───── Data extracts

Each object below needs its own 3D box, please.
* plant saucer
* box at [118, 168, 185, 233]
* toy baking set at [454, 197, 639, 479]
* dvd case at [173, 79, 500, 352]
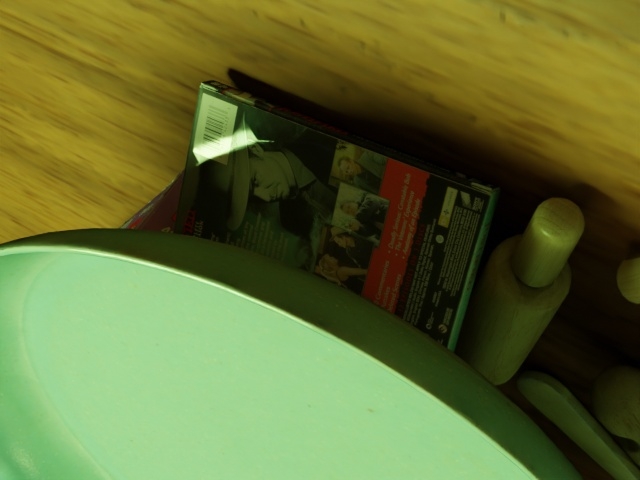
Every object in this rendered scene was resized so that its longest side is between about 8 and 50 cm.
[{"bbox_3d":[-0.016,0.103,0.521,0.317,0.044,0.318,20,143,16],"label":"plant saucer"},{"bbox_3d":[-0.004,0.100,0.672,0.293,0.057,0.201,40,154,-10],"label":"box"},{"bbox_3d":[0.135,0.076,0.484,0.196,0.030,0.256,32,156,5],"label":"toy baking set"},{"bbox_3d":[0.000,0.000,0.474,0.119,0.013,0.087,21,114,20],"label":"dvd case"}]
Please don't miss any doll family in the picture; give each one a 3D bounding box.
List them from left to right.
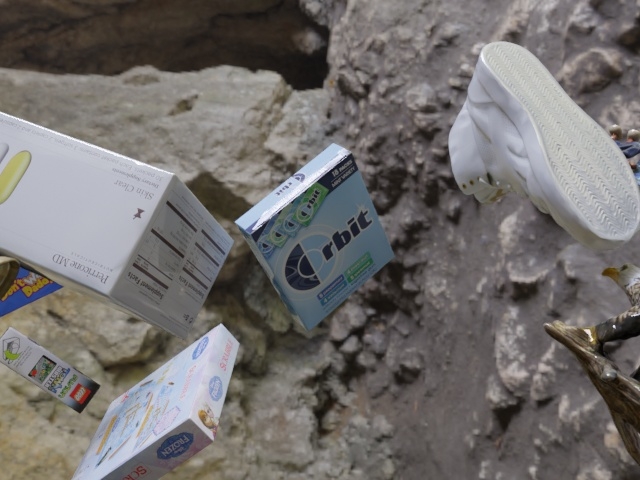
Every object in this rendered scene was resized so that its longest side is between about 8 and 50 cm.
[{"bbox_3d":[0.348,-0.090,0.886,0.111,0.193,0.076,-41,-54,-34],"label":"doll family"}]

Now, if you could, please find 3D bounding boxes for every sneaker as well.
[{"bbox_3d":[0.255,-0.078,0.839,0.169,0.108,0.292,107,147,-53],"label":"sneaker"}]

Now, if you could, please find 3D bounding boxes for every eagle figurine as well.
[{"bbox_3d":[0.368,0.043,0.671,0.225,0.298,0.226,50,175,36],"label":"eagle figurine"}]

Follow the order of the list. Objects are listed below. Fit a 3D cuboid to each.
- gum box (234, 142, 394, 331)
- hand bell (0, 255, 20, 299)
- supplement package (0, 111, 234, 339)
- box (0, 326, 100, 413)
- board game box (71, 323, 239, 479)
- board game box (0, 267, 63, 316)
[{"bbox_3d":[0.000,0.000,0.865,0.041,0.157,0.184,35,159,45],"label":"gum box"},{"bbox_3d":[-0.396,-0.017,0.599,0.126,0.242,0.126,-47,2,2],"label":"hand bell"},{"bbox_3d":[-0.272,-0.014,0.823,0.145,0.262,0.204,-66,-19,-14],"label":"supplement package"},{"bbox_3d":[-0.315,0.155,0.817,0.036,0.114,0.207,-57,7,-20],"label":"box"},{"bbox_3d":[-0.309,0.336,1.309,0.318,0.066,0.319,-36,17,15],"label":"board game box"},{"bbox_3d":[-0.621,0.019,1.336,0.078,0.347,0.233,5,120,63],"label":"board game box"}]
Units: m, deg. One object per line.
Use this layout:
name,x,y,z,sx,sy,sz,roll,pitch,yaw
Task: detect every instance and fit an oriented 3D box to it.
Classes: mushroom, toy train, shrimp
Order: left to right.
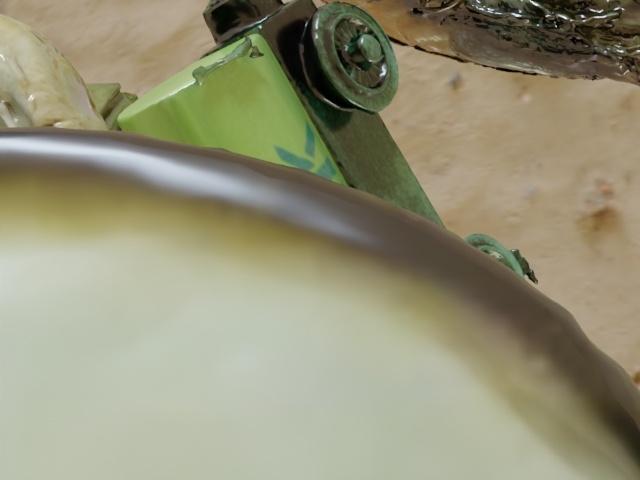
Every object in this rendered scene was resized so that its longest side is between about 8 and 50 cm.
mushroom,-0.167,-0.035,0.918,0.148,0.112,0.148,-1,84,9
mushroom,-0.019,0.144,0.425,0.217,0.212,0.292,2,56,-6
toy train,0.000,0.000,0.931,0.157,0.105,0.253,-42,106,-49
shrimp,0.108,-0.149,1.104,0.290,0.222,0.054,17,75,9

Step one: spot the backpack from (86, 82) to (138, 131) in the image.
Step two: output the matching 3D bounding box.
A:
backpack,-0.249,-0.031,1.630,0.207,0.253,0.140,-3,119,13
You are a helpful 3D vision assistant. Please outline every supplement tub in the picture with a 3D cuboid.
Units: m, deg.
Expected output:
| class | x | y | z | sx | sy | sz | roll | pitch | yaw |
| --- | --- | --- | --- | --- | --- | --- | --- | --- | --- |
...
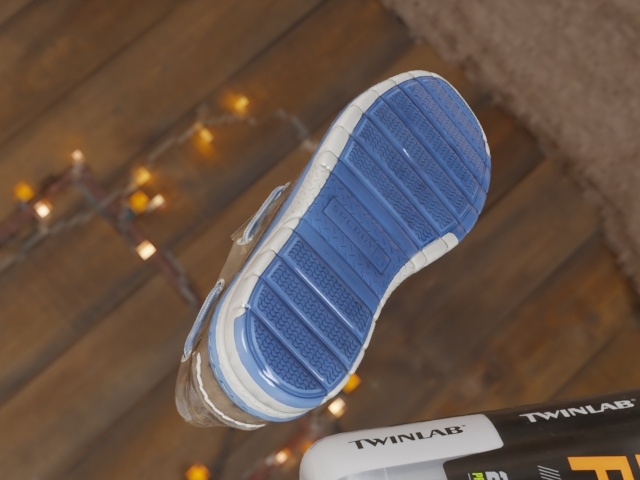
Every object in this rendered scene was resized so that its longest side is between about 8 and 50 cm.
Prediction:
| class | x | y | z | sx | sy | sz | roll | pitch | yaw |
| --- | --- | --- | --- | --- | --- | --- | --- | --- | --- |
| supplement tub | 0.156 | 0.184 | 1.030 | 0.193 | 0.316 | 0.193 | 171 | 90 | -83 |

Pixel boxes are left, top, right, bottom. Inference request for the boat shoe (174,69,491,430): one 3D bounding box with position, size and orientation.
| class | x | y | z | sx | sy | sz | roll | pitch | yaw |
| --- | --- | --- | --- | --- | --- | --- | --- | --- | --- |
| boat shoe | 0.000 | 0.000 | 0.665 | 0.066 | 0.183 | 0.066 | -28 | 104 | 44 |
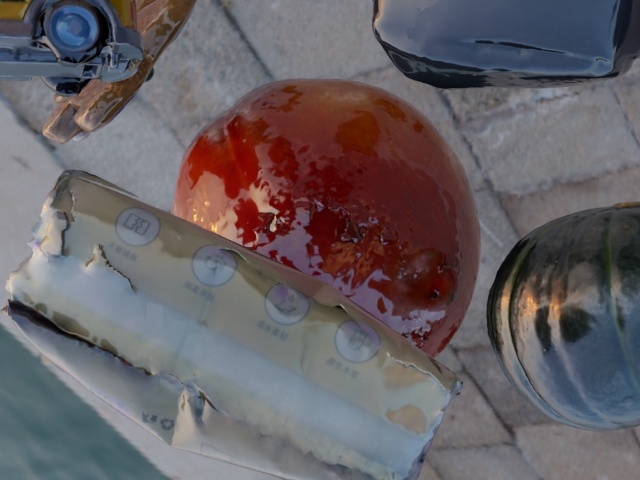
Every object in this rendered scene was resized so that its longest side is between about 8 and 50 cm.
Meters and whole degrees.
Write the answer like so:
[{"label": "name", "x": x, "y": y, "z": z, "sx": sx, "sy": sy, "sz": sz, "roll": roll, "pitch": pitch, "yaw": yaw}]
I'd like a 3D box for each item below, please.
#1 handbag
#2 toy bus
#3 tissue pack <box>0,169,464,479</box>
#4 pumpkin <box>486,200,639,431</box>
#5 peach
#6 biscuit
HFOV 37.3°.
[{"label": "handbag", "x": 0.141, "y": -0.225, "z": 0.499, "sx": 0.178, "sy": 0.275, "sz": 0.301, "roll": 9, "pitch": 99, "yaw": 21}, {"label": "toy bus", "x": -0.235, "y": -0.180, "z": 0.677, "sx": 0.209, "sy": 0.136, "sz": 0.126, "roll": -2, "pitch": 177, "yaw": -17}, {"label": "tissue pack", "x": -0.053, "y": 0.077, "z": 0.603, "sx": 0.257, "sy": 0.123, "sz": 0.215, "roll": 28, "pitch": 170, "yaw": 6}, {"label": "pumpkin", "x": 0.269, "y": 0.069, "z": 0.793, "sx": 0.250, "sy": 0.250, "sz": 0.216, "roll": -26, "pitch": 83, "yaw": 40}, {"label": "peach", "x": 0.000, "y": 0.000, "z": 1.016, "sx": 0.370, "sy": 0.370, "sz": 0.370, "roll": 11, "pitch": 138, "yaw": 10}, {"label": "biscuit", "x": -0.220, "y": -0.189, "z": 1.024, "sx": 0.049, "sy": 0.205, "sz": 0.324, "roll": 38, "pitch": 165, "yaw": -25}]
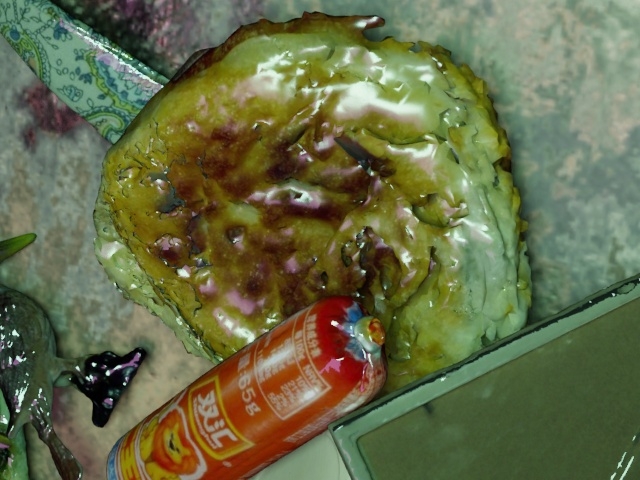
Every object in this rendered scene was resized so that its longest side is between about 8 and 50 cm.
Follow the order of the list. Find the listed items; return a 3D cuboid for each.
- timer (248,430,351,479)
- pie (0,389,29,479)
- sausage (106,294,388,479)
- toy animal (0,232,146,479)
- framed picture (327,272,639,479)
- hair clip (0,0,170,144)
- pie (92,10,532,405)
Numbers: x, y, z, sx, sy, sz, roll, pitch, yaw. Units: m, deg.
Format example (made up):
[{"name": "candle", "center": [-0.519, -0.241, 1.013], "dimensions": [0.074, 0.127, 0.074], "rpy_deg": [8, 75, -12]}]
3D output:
[{"name": "timer", "center": [0.081, 0.236, 1.065], "dimensions": [0.266, 0.175, 0.175], "rpy_deg": [29, 116, -20]}, {"name": "pie", "center": [-0.342, 0.156, 1.248], "dimensions": [0.303, 0.067, 0.302], "rpy_deg": [5, 106, 16]}, {"name": "sausage", "center": [-0.039, 0.103, 1.035], "dimensions": [0.074, 0.074, 0.274], "rpy_deg": [52, 135, -1]}, {"name": "toy animal", "center": [-0.203, 0.072, 1.167], "dimensions": [0.202, 0.105, 0.070], "rpy_deg": [50, 148, 4]}, {"name": "framed picture", "center": [0.200, 0.143, 0.981], "dimensions": [0.335, 0.022, 0.247], "rpy_deg": [-26, 98, -11]}, {"name": "hair clip", "center": [-0.167, -0.126, 1.117], "dimensions": [0.229, 0.036, 0.066], "rpy_deg": [42, 130, 3]}, {"name": "pie", "center": [0.000, -0.001, 1.063], "dimensions": [0.308, 0.085, 0.308], "rpy_deg": [8, 116, 17]}]
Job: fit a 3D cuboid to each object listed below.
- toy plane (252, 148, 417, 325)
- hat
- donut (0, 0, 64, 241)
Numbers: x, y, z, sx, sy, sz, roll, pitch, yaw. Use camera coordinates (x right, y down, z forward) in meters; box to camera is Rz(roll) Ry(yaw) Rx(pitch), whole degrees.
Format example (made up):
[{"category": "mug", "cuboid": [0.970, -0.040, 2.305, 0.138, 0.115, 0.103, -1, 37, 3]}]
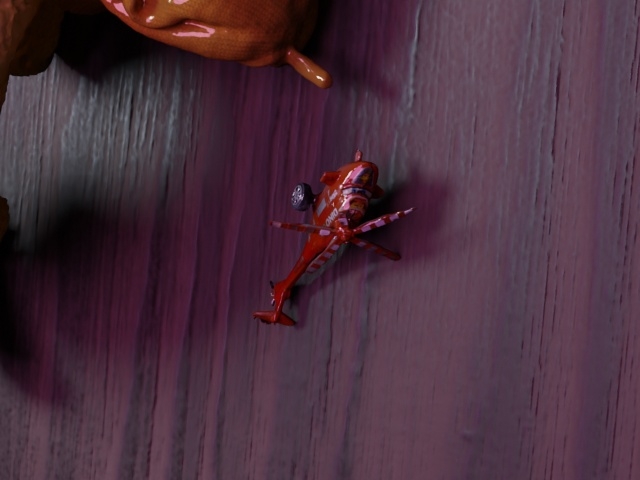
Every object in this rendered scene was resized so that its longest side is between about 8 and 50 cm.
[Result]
[{"category": "toy plane", "cuboid": [0.008, 0.001, 1.667, 0.194, 0.126, 0.077, 101, 166, -46]}, {"category": "hat", "cuboid": [-0.076, -0.218, 1.654, 0.233, 0.244, 0.233, 45, 121, 10]}, {"category": "donut", "cuboid": [-0.350, -0.142, 1.709, 0.163, 0.377, 0.435, 18, 83, -4]}]
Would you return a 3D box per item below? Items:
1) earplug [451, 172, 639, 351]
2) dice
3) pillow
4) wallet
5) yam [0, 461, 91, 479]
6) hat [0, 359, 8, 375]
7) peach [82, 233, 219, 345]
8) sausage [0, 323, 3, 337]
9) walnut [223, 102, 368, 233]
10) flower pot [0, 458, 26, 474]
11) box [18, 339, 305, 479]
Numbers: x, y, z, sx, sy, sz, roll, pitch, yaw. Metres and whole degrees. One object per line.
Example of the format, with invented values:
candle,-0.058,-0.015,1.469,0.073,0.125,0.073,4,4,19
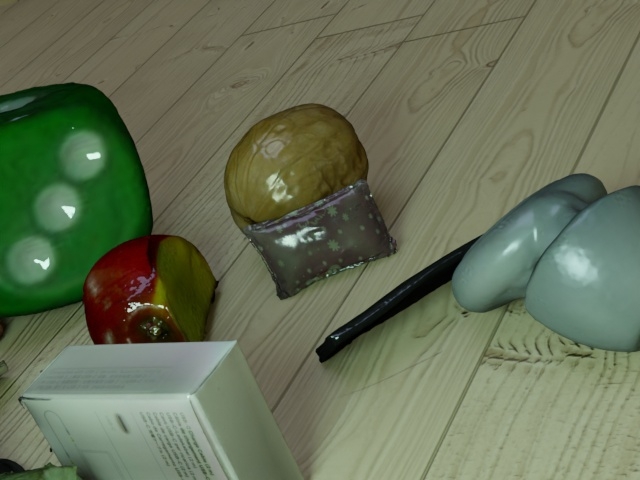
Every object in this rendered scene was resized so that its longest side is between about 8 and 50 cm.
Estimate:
earplug,0.274,0.025,1.532,0.214,0.175,0.325,-36,18,-16
dice,-0.450,-0.067,2.126,0.297,0.300,0.287,-22,20,-25
pillow,0.000,0.000,1.864,0.185,0.118,0.043,-24,6,8
wallet,0.102,0.066,1.673,0.244,0.025,0.124,-31,-9,-15
yam,-0.363,0.340,1.428,0.300,0.195,0.195,-15,26,16
hat,-0.558,0.236,1.934,0.219,0.164,0.226,5,-4,25
peach,-0.240,0.071,1.885,0.158,0.154,0.267,-19,26,14
sausage,-0.536,0.128,2.140,0.065,0.065,0.169,-34,27,-20
walnut,-0.030,-0.091,1.969,0.221,0.195,0.195,-35,27,-28
flower pot,-0.496,0.301,1.652,0.269,0.166,0.269,-18,26,9
box,-0.169,0.216,1.478,0.251,0.203,0.106,-4,30,36
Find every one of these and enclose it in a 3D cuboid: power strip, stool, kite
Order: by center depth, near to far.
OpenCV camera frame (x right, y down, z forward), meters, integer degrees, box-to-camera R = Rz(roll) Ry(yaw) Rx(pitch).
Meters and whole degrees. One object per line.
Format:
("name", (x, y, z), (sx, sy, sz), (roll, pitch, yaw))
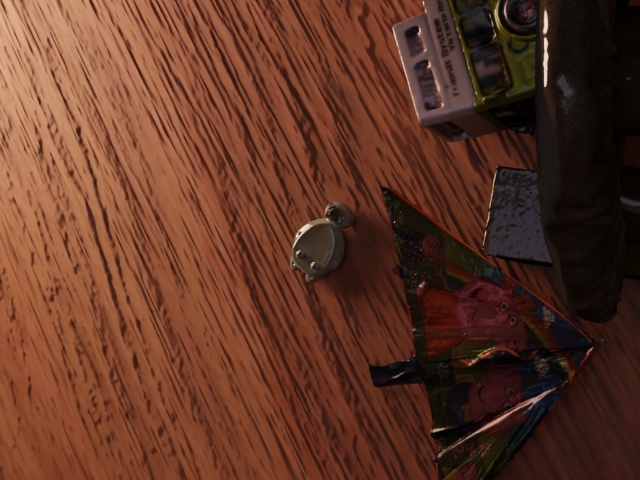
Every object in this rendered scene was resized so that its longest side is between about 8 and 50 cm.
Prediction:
("stool", (0.264, -0.125, 0.731), (0.226, 0.310, 0.310), (-3, 63, 17))
("kite", (0.135, 0.097, 0.958), (0.234, 0.016, 0.321), (-12, 88, 37))
("power strip", (0.000, 0.000, 1.049), (0.055, 0.035, 0.083), (38, 103, 22))

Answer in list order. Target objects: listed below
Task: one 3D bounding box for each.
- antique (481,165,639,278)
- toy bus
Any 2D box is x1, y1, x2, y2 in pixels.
("antique", (0.255, -0.007, 0.910), (0.221, 0.081, 0.080), (10, 90, 25))
("toy bus", (0.131, -0.242, 0.975), (0.139, 0.113, 0.301), (-19, 75, 22))
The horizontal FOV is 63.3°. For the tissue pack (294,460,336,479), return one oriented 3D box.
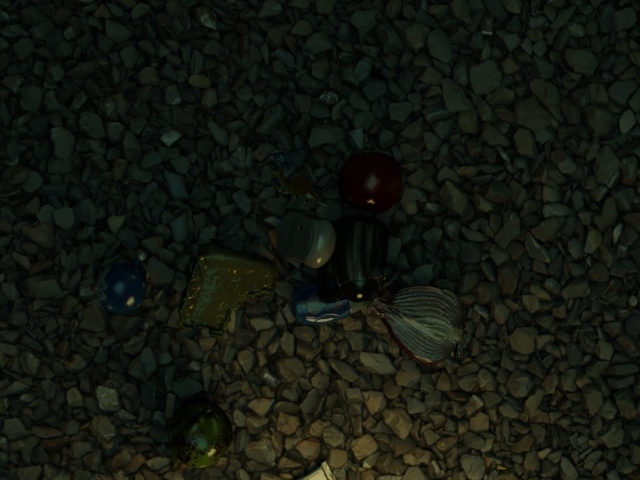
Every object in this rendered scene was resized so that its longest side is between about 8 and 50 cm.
[{"bbox_3d":[-0.035,0.889,1.857,0.193,0.026,0.123,-30,93,-5],"label":"tissue pack"}]

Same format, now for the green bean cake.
[{"bbox_3d":[-0.316,0.170,1.753,0.284,0.202,0.310,23,89,-18],"label":"green bean cake"}]

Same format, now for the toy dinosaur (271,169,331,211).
[{"bbox_3d":[-0.071,-0.176,1.845,0.211,0.057,0.143,3,71,-17],"label":"toy dinosaur"}]

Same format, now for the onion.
[{"bbox_3d":[0.324,0.274,1.831,0.348,0.159,0.267,22,76,1],"label":"onion"}]

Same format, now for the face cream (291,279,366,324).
[{"bbox_3d":[0.036,0.213,1.832,0.263,0.083,0.149,-11,82,-6],"label":"face cream"}]

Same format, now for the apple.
[{"bbox_3d":[0.170,-0.198,1.779,0.218,0.218,0.202,9,92,-6],"label":"apple"}]

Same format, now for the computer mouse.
[{"bbox_3d":[-0.037,-0.007,1.740,0.121,0.296,0.184,9,90,-28],"label":"computer mouse"}]

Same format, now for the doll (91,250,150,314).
[{"bbox_3d":[-0.636,0.135,1.681,0.161,0.257,0.215,23,92,-13],"label":"doll"}]

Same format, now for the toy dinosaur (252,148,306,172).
[{"bbox_3d":[-0.141,-0.285,1.827,0.197,0.045,0.080,-15,67,-15],"label":"toy dinosaur"}]

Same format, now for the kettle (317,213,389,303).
[{"bbox_3d":[0.106,0.079,1.729,0.250,0.207,0.271,-1,55,6],"label":"kettle"}]

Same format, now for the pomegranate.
[{"bbox_3d":[-0.430,0.656,1.729,0.276,0.222,0.204,-32,111,13],"label":"pomegranate"}]

──────────

● Action item
Where does "Units" appear in the listing? Show every line that has it.

● Response area
Units: m, deg. One object per line.
Units: m, deg.
Numbers: x, y, z, sx, sy, sz, roll, pitch, yaw. Units: m, deg.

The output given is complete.